The material below contains a line with "of this software" and a line with "<resources>". Copy exactly those two lines and all lines between them.

* _INFORMATION_:
++++

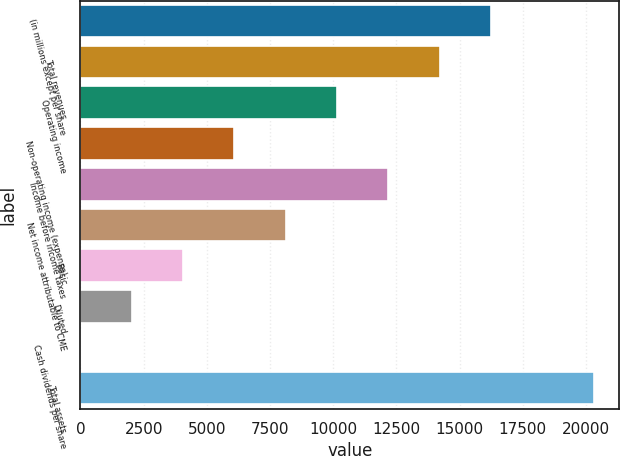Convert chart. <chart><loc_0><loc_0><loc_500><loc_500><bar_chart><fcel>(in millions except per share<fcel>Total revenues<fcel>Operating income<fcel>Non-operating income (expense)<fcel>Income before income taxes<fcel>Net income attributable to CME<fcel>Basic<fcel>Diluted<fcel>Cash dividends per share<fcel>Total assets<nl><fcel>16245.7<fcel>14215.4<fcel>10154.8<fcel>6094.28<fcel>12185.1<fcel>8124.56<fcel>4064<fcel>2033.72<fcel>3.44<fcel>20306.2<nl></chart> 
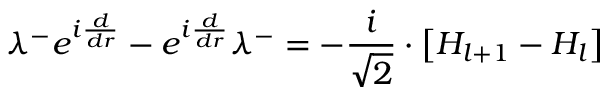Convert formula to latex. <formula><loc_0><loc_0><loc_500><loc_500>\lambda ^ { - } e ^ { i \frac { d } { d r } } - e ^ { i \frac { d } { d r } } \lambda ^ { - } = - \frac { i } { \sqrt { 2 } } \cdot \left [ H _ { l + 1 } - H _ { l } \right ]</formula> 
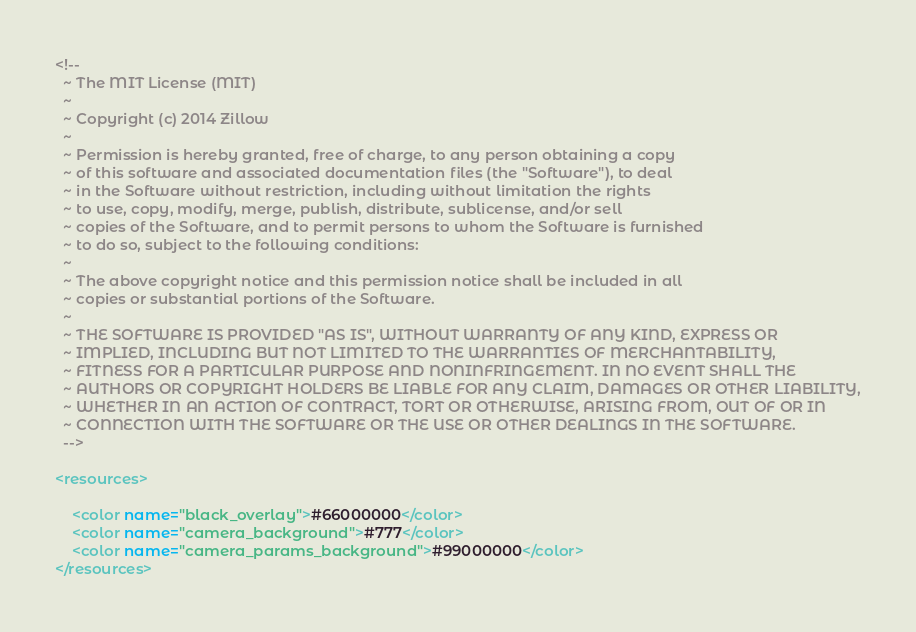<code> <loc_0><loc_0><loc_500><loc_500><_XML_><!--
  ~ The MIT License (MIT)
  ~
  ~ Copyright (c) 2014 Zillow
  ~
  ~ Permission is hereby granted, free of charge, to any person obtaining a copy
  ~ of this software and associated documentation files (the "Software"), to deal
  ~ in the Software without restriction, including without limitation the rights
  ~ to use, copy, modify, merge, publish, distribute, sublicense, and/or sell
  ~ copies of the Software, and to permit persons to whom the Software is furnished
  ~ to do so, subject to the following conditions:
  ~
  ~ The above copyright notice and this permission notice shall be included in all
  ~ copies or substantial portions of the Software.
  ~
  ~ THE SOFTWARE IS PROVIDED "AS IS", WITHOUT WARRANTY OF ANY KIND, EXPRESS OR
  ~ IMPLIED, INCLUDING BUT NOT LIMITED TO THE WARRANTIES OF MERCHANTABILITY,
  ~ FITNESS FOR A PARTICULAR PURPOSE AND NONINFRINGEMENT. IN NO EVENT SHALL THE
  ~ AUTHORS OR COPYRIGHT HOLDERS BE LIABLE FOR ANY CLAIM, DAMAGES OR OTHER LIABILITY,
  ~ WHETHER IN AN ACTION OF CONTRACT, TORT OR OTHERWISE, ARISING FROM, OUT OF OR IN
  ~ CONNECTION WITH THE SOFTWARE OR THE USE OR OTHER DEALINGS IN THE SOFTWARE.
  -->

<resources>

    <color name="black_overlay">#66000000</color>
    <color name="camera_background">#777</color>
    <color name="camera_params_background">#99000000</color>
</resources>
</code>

++++

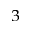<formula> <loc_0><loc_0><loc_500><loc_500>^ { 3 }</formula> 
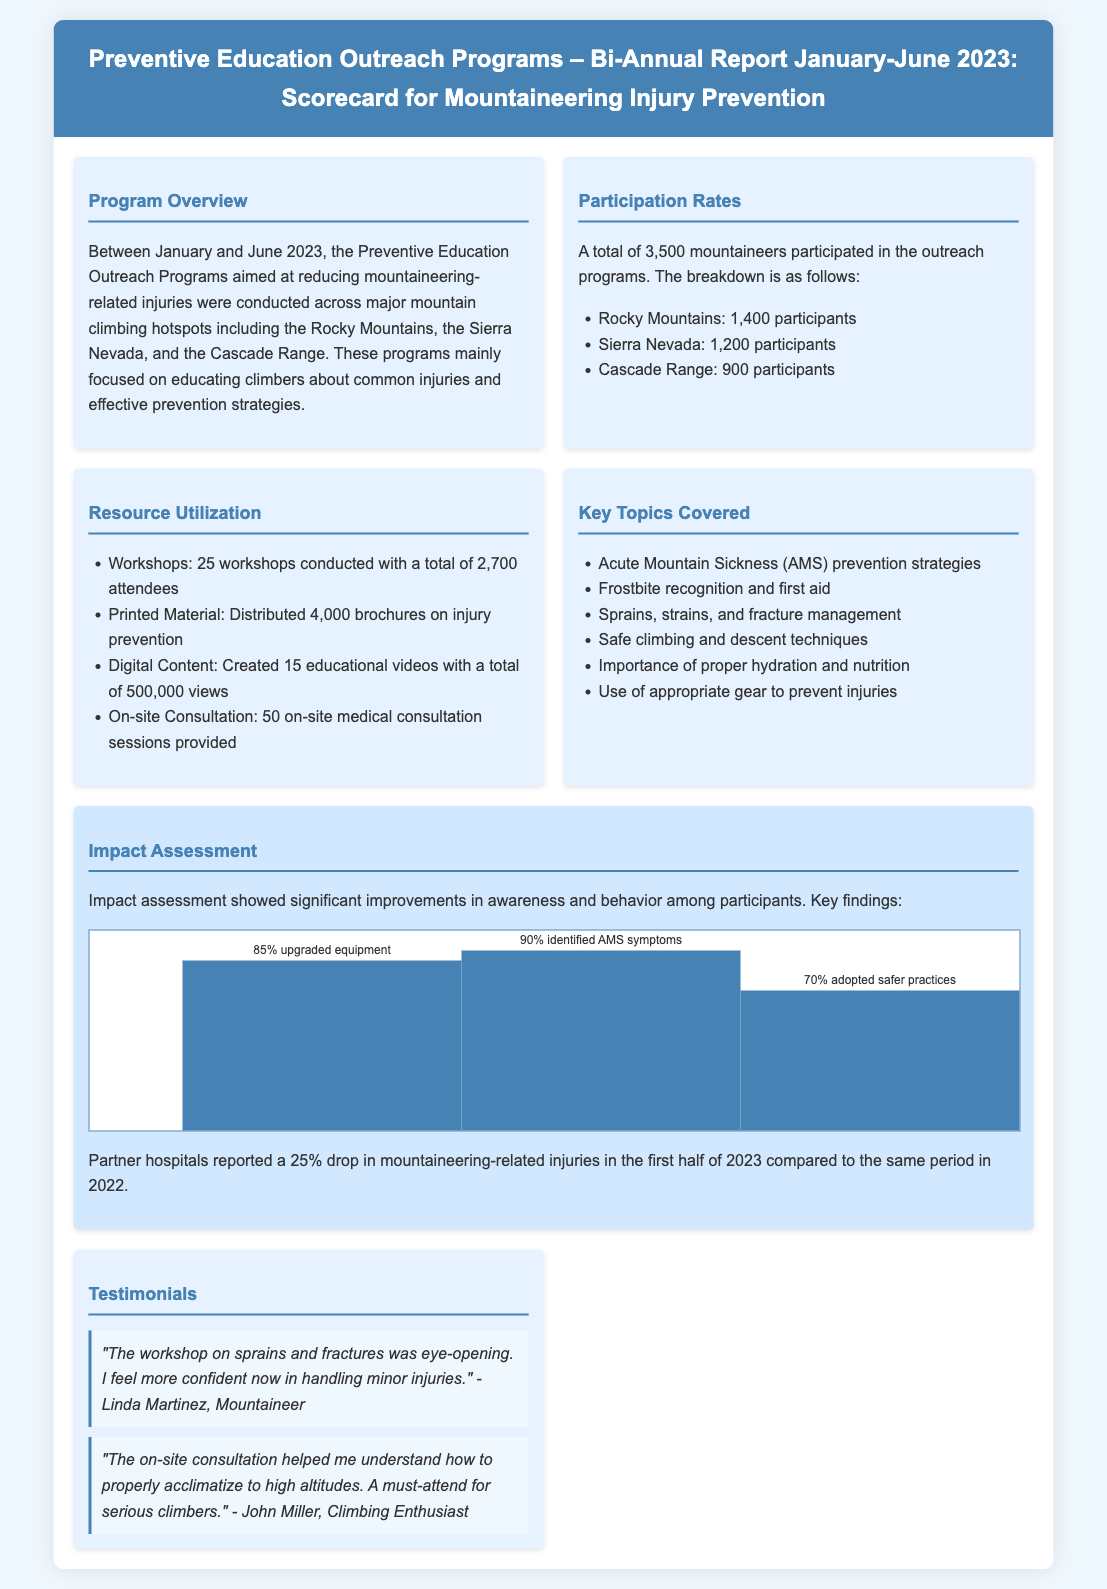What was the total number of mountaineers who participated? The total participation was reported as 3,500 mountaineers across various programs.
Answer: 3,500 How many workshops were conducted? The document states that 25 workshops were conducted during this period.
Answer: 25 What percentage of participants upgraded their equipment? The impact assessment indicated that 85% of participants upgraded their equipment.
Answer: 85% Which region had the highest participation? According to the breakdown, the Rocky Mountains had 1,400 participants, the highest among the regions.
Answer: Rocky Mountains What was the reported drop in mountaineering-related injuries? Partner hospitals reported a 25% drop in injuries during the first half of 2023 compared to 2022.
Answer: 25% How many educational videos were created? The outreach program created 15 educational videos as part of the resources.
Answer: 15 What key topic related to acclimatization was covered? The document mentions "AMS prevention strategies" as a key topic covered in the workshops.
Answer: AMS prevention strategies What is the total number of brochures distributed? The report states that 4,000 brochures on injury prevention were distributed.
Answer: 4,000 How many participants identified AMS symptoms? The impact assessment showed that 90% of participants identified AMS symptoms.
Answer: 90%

++++

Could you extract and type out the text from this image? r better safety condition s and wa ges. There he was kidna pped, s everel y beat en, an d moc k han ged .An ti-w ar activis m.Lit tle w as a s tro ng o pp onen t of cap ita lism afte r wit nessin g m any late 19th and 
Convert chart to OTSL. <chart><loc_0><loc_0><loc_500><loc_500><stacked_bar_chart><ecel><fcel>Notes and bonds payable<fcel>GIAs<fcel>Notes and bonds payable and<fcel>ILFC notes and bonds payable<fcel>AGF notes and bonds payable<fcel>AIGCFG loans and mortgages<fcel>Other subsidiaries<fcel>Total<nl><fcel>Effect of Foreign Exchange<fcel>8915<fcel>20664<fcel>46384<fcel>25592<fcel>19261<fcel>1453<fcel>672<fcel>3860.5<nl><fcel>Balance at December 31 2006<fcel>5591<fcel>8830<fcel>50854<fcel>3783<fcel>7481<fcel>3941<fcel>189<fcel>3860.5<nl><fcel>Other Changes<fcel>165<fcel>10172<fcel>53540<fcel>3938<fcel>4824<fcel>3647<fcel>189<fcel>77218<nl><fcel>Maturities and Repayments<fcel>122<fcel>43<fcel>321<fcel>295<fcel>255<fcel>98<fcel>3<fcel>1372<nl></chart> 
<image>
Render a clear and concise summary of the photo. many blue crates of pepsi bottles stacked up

++++

* _RESPONSE TO THE TASK_:
  ~ of this software and associated documentation files (the "Software"), to deal
  ~ in the Software without restriction, including without limitation the rights
  ~ to use, copy, modify, merge, publish, distribute, sublicense, and/or sell
  ~ copies of the Software, and to permit persons to whom the Software is furnished
  ~ to do so, subject to the following conditions:
  ~
  ~ The above copyright notice and this permission notice shall be included in all
  ~ copies or substantial portions of the Software.
  ~
  ~ THE SOFTWARE IS PROVIDED "AS IS", WITHOUT WARRANTY OF ANY KIND, EXPRESS OR
  ~ IMPLIED, INCLUDING BUT NOT LIMITED TO THE WARRANTIES OF MERCHANTABILITY,
  ~ FITNESS FOR A PARTICULAR PURPOSE AND NONINFRINGEMENT. IN NO EVENT SHALL THE
  ~ AUTHORS OR COPYRIGHT HOLDERS BE LIABLE FOR ANY CLAIM, DAMAGES OR OTHER LIABILITY,
  ~ WHETHER IN AN ACTION OF CONTRACT, TORT OR OTHERWISE, ARISING FROM, OUT OF OR IN
  ~ CONNECTION WITH THE SOFTWARE OR THE USE OR OTHER DEALINGS IN THE SOFTWARE.
  -->

<resources>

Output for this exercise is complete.